TASK OBJECTIVE - Don't include pictures. Quote the lines below from the first through the line that contains "text As características".

Source records -
▽
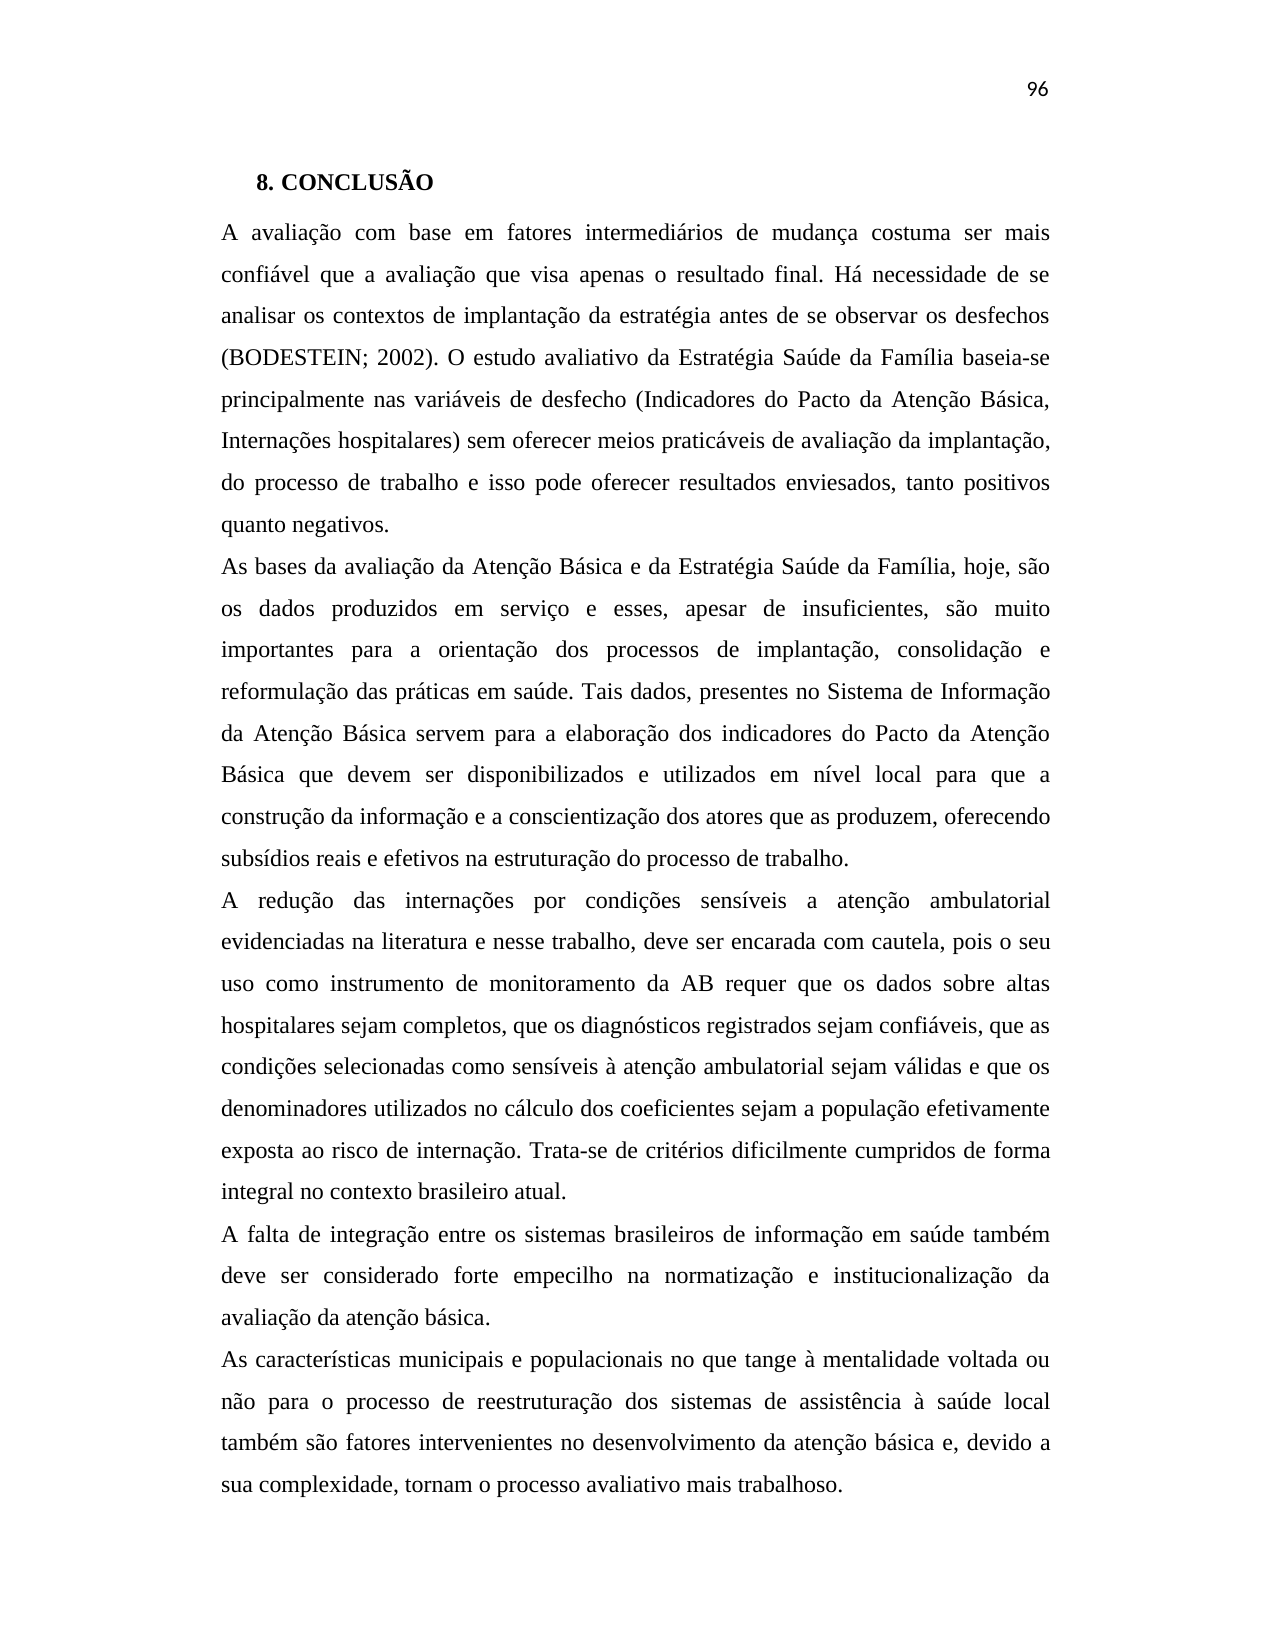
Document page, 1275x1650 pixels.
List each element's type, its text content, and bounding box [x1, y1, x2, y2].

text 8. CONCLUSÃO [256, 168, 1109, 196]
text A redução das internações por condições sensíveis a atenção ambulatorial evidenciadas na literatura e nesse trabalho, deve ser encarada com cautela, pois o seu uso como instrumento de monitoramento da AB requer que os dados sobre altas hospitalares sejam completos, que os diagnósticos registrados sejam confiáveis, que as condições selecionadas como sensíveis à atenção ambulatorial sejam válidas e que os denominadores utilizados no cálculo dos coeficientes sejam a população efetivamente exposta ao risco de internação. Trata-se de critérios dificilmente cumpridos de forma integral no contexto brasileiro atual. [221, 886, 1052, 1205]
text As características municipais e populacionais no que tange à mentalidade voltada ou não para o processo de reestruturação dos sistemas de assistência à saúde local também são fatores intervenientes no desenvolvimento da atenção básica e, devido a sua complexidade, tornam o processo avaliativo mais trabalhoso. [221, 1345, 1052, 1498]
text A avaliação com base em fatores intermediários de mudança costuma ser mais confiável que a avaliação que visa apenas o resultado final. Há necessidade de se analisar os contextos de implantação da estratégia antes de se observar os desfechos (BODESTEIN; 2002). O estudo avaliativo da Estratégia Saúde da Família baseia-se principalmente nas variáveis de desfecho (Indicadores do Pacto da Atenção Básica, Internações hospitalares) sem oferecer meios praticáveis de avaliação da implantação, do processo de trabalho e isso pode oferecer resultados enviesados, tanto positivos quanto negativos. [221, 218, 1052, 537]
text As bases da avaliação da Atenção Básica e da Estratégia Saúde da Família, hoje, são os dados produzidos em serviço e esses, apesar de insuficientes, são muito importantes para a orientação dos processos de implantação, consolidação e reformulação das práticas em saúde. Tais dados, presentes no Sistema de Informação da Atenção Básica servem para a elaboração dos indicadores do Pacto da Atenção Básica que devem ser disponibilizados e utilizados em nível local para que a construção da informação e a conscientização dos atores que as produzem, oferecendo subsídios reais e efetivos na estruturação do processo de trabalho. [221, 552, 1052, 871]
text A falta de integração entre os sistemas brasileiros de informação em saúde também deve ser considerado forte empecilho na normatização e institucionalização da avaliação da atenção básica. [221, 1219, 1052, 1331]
△
SOLUTION TO THIS TASK -
Document page, 1275x1650 pixels.
List each element's type, its text content, and bounding box [x1, y1, x2, y2].

text 8. CONCLUSÃO [256, 168, 1109, 196]
text A redução das internações por condições sensíveis a atenção ambulatorial evidenciadas na literatura e nesse trabalho, deve ser encarada com cautela, pois o seu uso como instrumento de monitoramento da AB requer que os dados sobre altas hospitalares sejam completos, que os diagnósticos registrados sejam confiáveis, que as condições selecionadas como sensíveis à atenção ambulatorial sejam válidas e que os denominadores utilizados no cálculo dos coeficientes sejam a população efetivamente exposta ao risco de internação. Trata-se de critérios dificilmente cumpridos de forma integral no contexto brasileiro atual. [221, 886, 1052, 1205]
text As características municipais e populacionais no que tange à mentalidade voltada ou não para o processo de reestruturação dos sistemas de assistência à saúde local também são fatores intervenientes no desenvolvimento da atenção básica e, devido a sua complexidade, tornam o processo avaliativo mais trabalhoso. [221, 1345, 1052, 1498]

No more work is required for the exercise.